Türkiye’nin genel madencilik politikası, madencilik kanunları kapsamında, tüm yeraltı zenginliklerinin devletin, dolayısıyla milletin malı olarak kabul ettiği ve uyguladığı bir temel politikadır. Ancak bunların işletilmesinde, devlet bu hakkını değişik kişi ve kuruluşlara belirli süre için devredebilir. Bu işletmeler ile ülkedeki yeraltı zenginlikleri, hem ülke ve hemde dünya teknolojisinin yararlanmasına olanak sağlanmaktadır. Bu Türkiye Cumhuriyetinin Madencilik doktrinidir.

Ancak bor cevherleri, bu kapsam içerisinde farklılaştırılarak, devlet kuruluşu olan ETİBOR tarafından işletilmesi tekelleştirilmiştir. Bunun nedeni ise, tarihçe bölümünde sunulmuş olan haklı gerekçelerdir.

Dünyadaki tüm ülkeler kendi yeraltı kaynaklarını stratejik olarak kabul ederek, bu doğrultuda gerekli önlemleri alırlar. Bu devletler arasında kabullenilmiş ve yasallaştırılmış bir genel uygulamadır. Türkiye devlet arası genel kurallar kapsamında kendi çıkarlarını koruyucu ve kollayıcı gereken yasal önlemleri almış, bor cevherini stratejik maden kabul ederek genel politikasını da, hiçbir ülkeye karşı bir politik araç olarak kullanmayarak dengeli bir politika gütmüş ve gütmektedir.

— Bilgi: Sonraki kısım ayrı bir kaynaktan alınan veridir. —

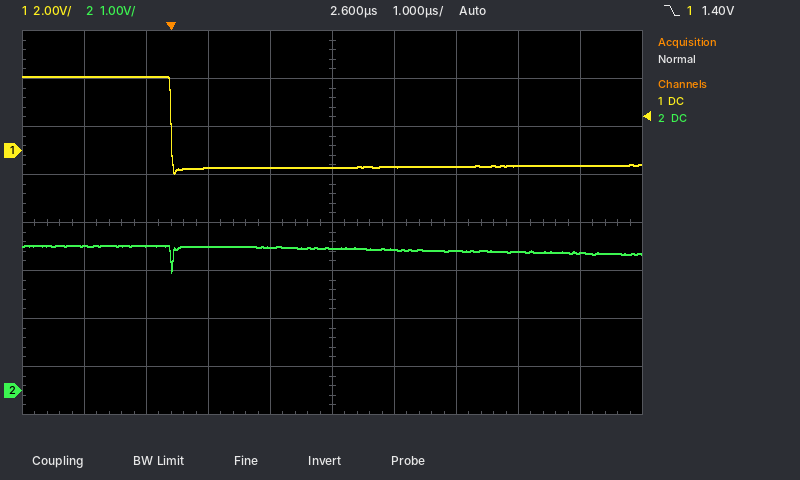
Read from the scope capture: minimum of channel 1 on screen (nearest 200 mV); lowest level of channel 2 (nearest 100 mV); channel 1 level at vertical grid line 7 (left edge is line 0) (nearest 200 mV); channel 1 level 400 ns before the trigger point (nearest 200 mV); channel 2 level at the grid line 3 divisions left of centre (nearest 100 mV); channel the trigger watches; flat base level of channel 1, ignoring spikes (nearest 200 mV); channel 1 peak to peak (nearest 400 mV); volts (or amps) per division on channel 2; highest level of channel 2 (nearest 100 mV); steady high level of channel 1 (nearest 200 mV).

-1.0 V
2.5 V
-600 mV
3.0 V
3.0 V
channel 1
-600 mV
4.0 V
1 V
3.0 V
3.0 V
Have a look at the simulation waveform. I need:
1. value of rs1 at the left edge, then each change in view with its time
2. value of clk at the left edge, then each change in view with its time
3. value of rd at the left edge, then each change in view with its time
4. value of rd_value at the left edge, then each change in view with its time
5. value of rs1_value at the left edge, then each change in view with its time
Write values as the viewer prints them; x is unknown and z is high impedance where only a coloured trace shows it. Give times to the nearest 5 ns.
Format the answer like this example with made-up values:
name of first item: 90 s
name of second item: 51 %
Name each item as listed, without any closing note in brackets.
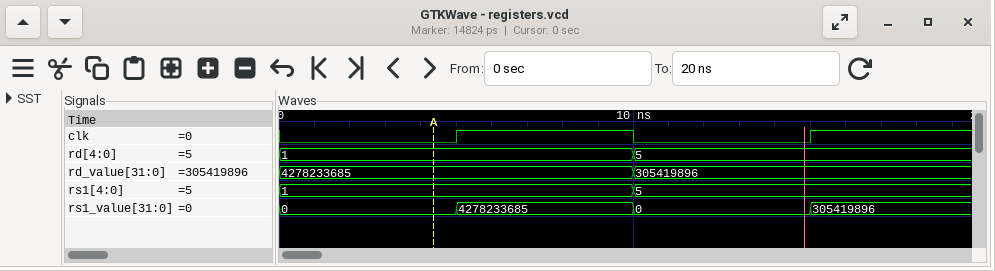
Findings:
value of rs1 at the left edge, then each change in view with its time: 1, 5 at 10 ns
value of clk at the left edge, then each change in view with its time: 0, 1 at 5 ns, 0 at 10 ns, 1 at 15 ns
value of rd at the left edge, then each change in view with its time: 1, 5 at 10 ns
value of rd_value at the left edge, then each change in view with its time: 4278233685, 305419896 at 10 ns
value of rs1_value at the left edge, then each change in view with its time: 0, 4278233685 at 5 ns, 0 at 10 ns, 305419896 at 15 ns
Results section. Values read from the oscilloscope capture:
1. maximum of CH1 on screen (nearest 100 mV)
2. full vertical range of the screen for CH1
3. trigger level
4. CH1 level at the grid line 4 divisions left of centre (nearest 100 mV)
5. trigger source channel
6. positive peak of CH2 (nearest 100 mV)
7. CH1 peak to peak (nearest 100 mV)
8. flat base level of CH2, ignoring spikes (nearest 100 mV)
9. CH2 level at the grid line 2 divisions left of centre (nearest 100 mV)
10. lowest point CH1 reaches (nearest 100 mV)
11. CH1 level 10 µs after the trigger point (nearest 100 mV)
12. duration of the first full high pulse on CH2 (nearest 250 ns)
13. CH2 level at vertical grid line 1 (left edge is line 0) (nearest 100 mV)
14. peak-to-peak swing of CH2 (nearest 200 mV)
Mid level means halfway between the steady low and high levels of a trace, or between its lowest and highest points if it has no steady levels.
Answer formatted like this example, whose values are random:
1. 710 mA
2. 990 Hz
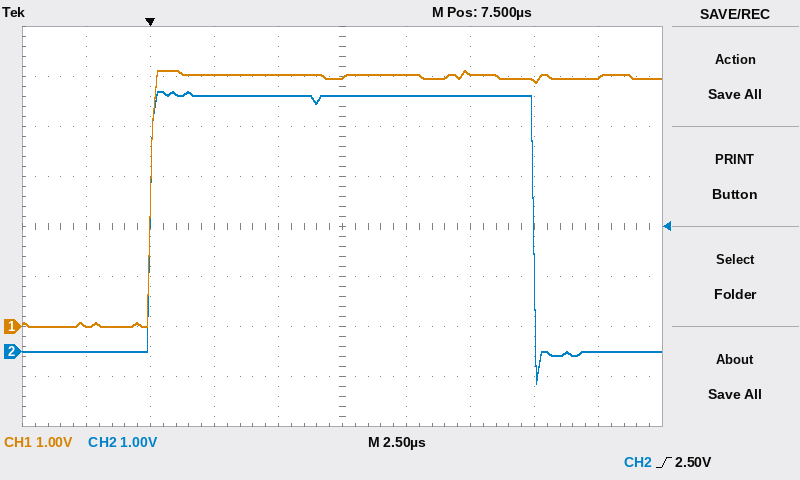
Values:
1. 5.1 V
2. 8 V
3. 2.50 V
4. 0.0 V
5. CH2
6. 5.2 V
7. 5.1 V
8. 0.0 V
9. 5.1 V
10. 0.0 V
11. 5.0 V
12. 15.00 µs
13. 0.0 V
14. 5.8 V
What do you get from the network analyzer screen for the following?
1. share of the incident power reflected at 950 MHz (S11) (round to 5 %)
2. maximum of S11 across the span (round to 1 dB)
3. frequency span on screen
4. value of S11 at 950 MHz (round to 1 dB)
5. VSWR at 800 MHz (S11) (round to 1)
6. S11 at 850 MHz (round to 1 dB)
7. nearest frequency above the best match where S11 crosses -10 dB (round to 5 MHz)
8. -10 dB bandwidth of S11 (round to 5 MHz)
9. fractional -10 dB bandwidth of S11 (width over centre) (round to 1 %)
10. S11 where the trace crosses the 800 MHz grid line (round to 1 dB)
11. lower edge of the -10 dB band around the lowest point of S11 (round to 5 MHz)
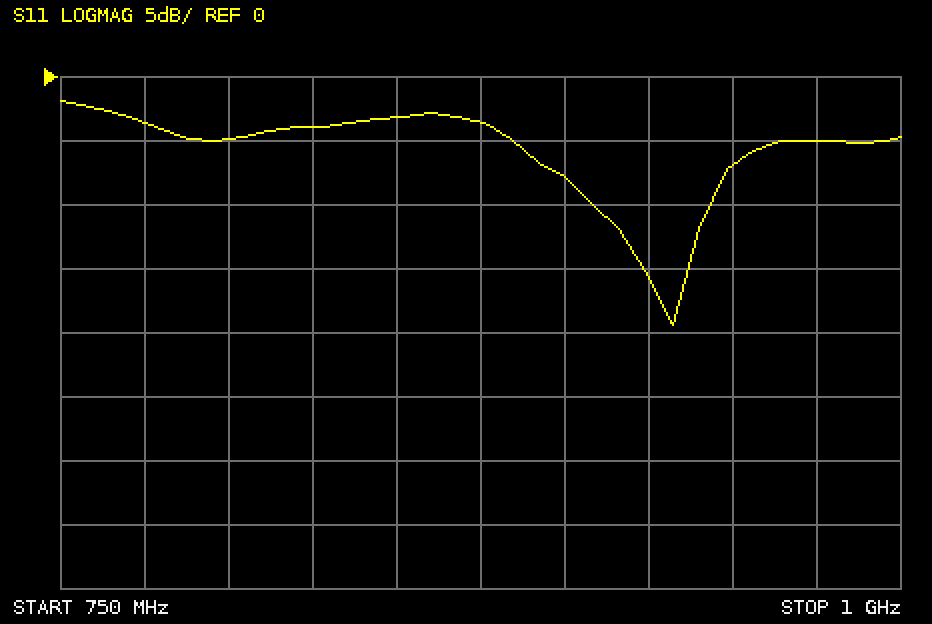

Bu bakımdan ATATÜRK’ün “YURTTA SULH, CİHANDA SULH” doktrinini madencilik sektöründe ispatlamıştır. Bu genel uygulama, kriz dönemlerinde dahi dikkatlice ve hiçbir ülkenin çıkarlarını ve endüstrisini dar boğaza sokmayarak, gerek ıı.dünya savaşı sırasında, gerekse kendisi krize girdiği 1960, 1980, 1999-2000’li yıllardaki uygulamalarıyla ispatlamıştır.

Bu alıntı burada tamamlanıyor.